This paper will use the results of the self-organizing maps (SOM) analysis presented by NC14 to analyze the forcing mechanisms (katabatic drainage, mesoscale forcing, and synoptic forcing) of the RAS. NC14 used the method of SOMs to identify the dominant RAS patterns that occur over the RIS (see NC14, their Fig. 5a). The RAS patterns were defined as patterns with a dominant stream of southerly flow over either the western or central RIS. The results showed variations in the strength and position of the RAS. This study will analyze how the contribution of the individual forcing mechanisms of the RAS (katabatic drainage, mesoscale forcing, and synoptic forcing) influences the variation of the strength and position of the RAS. The analysis investigates the thermal forcing of the PGF that drives the RAS and is conducted on a section of the RAS in the southern RIS (see Fig. 1a for location of cross section and Fig. 1b for the topography along the cross section).
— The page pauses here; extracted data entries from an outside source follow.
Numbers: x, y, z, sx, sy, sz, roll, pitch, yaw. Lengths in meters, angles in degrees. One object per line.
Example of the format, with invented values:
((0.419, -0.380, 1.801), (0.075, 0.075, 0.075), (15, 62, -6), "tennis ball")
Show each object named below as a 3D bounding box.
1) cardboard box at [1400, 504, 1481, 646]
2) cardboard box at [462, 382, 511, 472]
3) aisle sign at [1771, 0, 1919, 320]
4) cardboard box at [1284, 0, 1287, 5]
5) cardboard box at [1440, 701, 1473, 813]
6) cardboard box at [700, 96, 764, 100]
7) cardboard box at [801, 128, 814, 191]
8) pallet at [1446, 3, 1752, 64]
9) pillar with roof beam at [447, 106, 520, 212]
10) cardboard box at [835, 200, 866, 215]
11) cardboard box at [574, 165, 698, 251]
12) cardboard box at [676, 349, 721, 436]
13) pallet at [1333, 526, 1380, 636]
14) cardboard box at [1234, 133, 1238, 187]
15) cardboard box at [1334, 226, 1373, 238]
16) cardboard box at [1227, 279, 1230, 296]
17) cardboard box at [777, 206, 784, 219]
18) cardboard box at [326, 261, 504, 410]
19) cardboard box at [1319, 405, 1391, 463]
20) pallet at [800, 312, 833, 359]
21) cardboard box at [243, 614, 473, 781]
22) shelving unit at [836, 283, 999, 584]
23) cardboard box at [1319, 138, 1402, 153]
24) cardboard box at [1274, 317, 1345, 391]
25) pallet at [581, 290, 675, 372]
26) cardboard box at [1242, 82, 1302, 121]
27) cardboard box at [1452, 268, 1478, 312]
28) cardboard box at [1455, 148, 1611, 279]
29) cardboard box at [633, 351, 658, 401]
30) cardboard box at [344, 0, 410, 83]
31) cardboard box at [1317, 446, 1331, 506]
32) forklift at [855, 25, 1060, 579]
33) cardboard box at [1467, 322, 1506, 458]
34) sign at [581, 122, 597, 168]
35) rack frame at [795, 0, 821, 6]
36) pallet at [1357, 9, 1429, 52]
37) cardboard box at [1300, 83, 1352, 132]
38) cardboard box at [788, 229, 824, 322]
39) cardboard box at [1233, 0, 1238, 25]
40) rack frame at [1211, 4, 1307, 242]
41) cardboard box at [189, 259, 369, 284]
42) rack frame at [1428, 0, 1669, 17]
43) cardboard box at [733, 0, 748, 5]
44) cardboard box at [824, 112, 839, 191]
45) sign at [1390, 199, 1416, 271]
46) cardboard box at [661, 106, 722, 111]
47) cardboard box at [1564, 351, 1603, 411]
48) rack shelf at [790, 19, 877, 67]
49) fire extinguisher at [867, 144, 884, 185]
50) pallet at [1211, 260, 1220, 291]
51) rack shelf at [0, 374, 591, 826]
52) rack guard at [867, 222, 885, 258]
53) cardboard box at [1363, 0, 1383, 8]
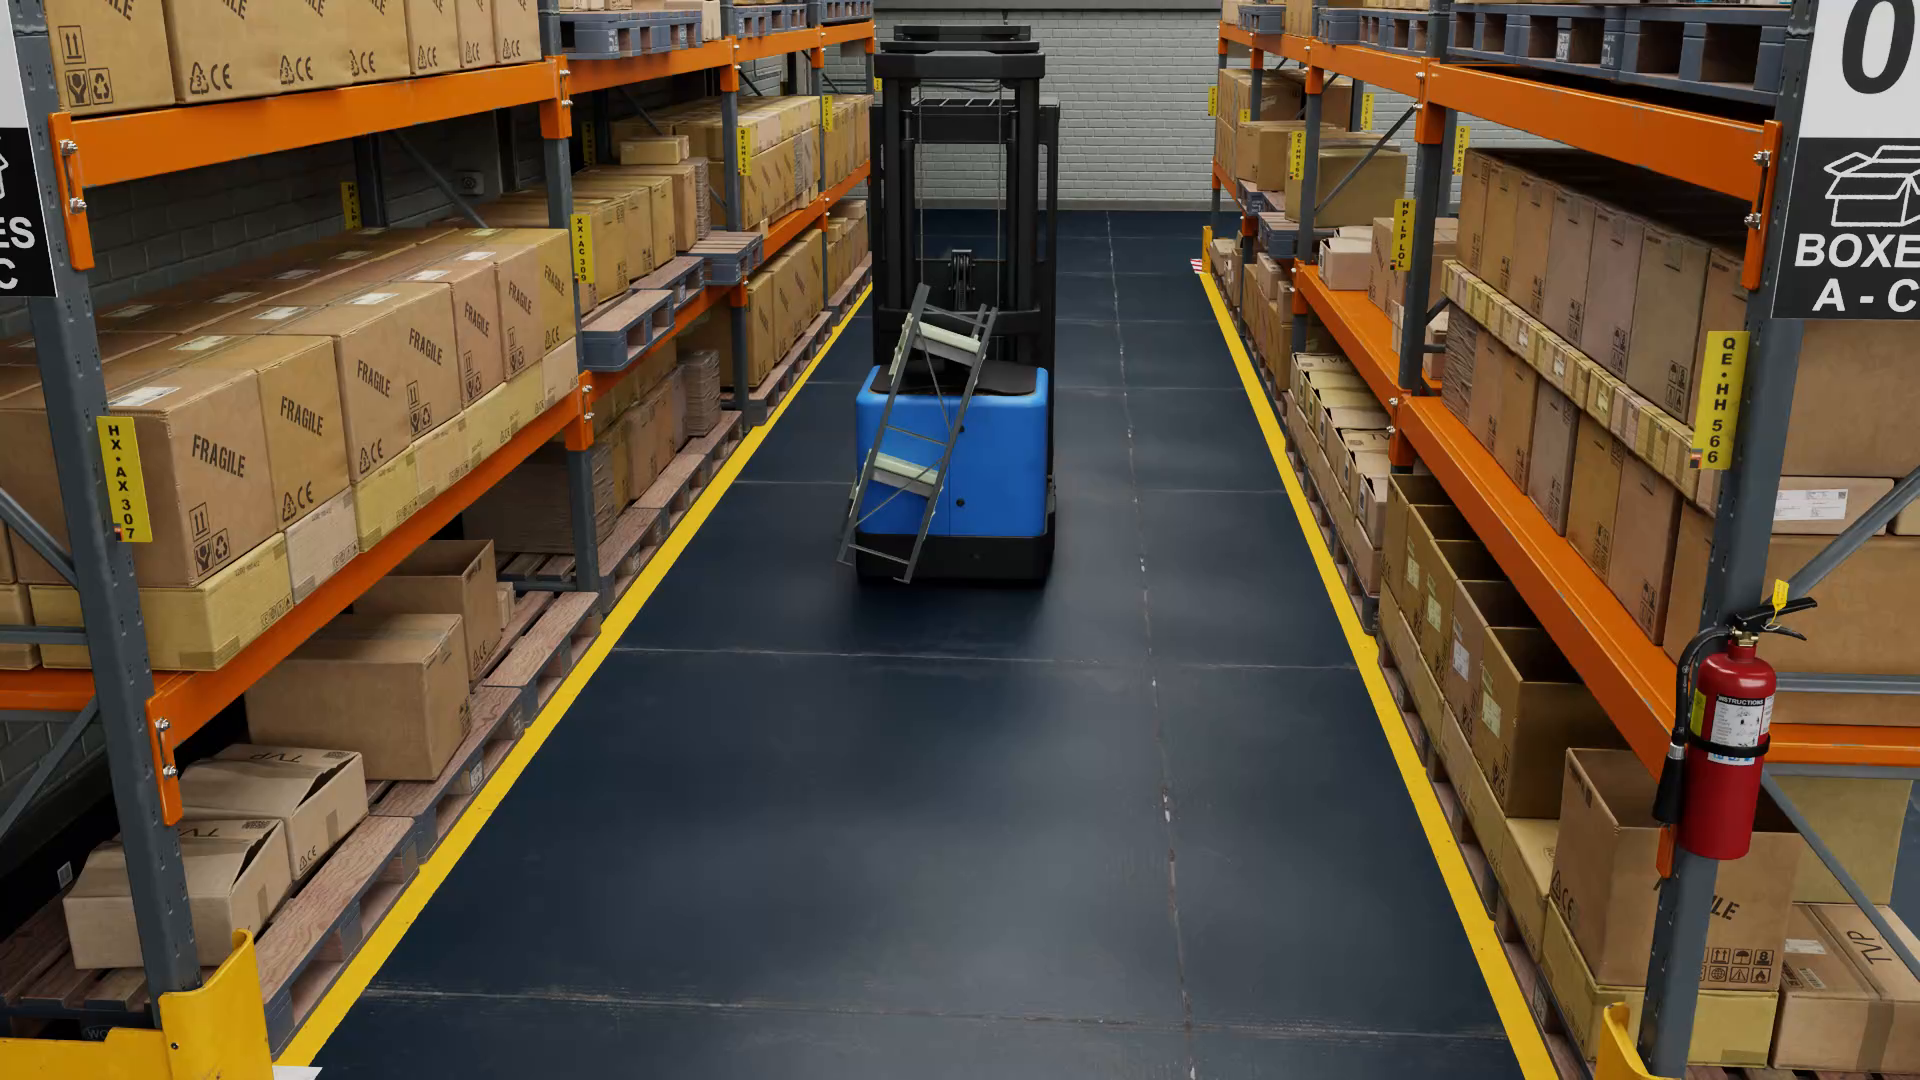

In the southern RIS, the RAS winds are both barrier parallel and located within the Rossby radius of deformation of the Transantarctic Mountains, indicating the potential for forcing from both katabatic drainage and barrier winds in this region.

2. Data

The RAS SOM analysis presented by NC14, used output from the polar-modified version of the Weather Research and Forecasting (WRF) Model run within the Antarctic Mesoscale Prediction System (AMPS; Powers et al. 2012). AMPS is run twice daily and the output is archived and available through the National Center for Atmospheric Research. The archived 3-hourly AMPS output from the AMPS continental domain was used for the RAS SOM analysis. This data have 15-km grid spacing and 44 terrain-following eta levels. The 12–21-h forecasts from October 2008 to September 2010 were used. The 12–21-h forecasts were used in order to allow the model sufficient time to adjust from the initial conditions (Bromwich et al. 2005; Seefeldt and Cassano 2008). [For additional information on this AMPS dataset see NC14, Powers et al. (2012), and the AMPS website at http://www.mmm.ucar.edu/rt/amps/.]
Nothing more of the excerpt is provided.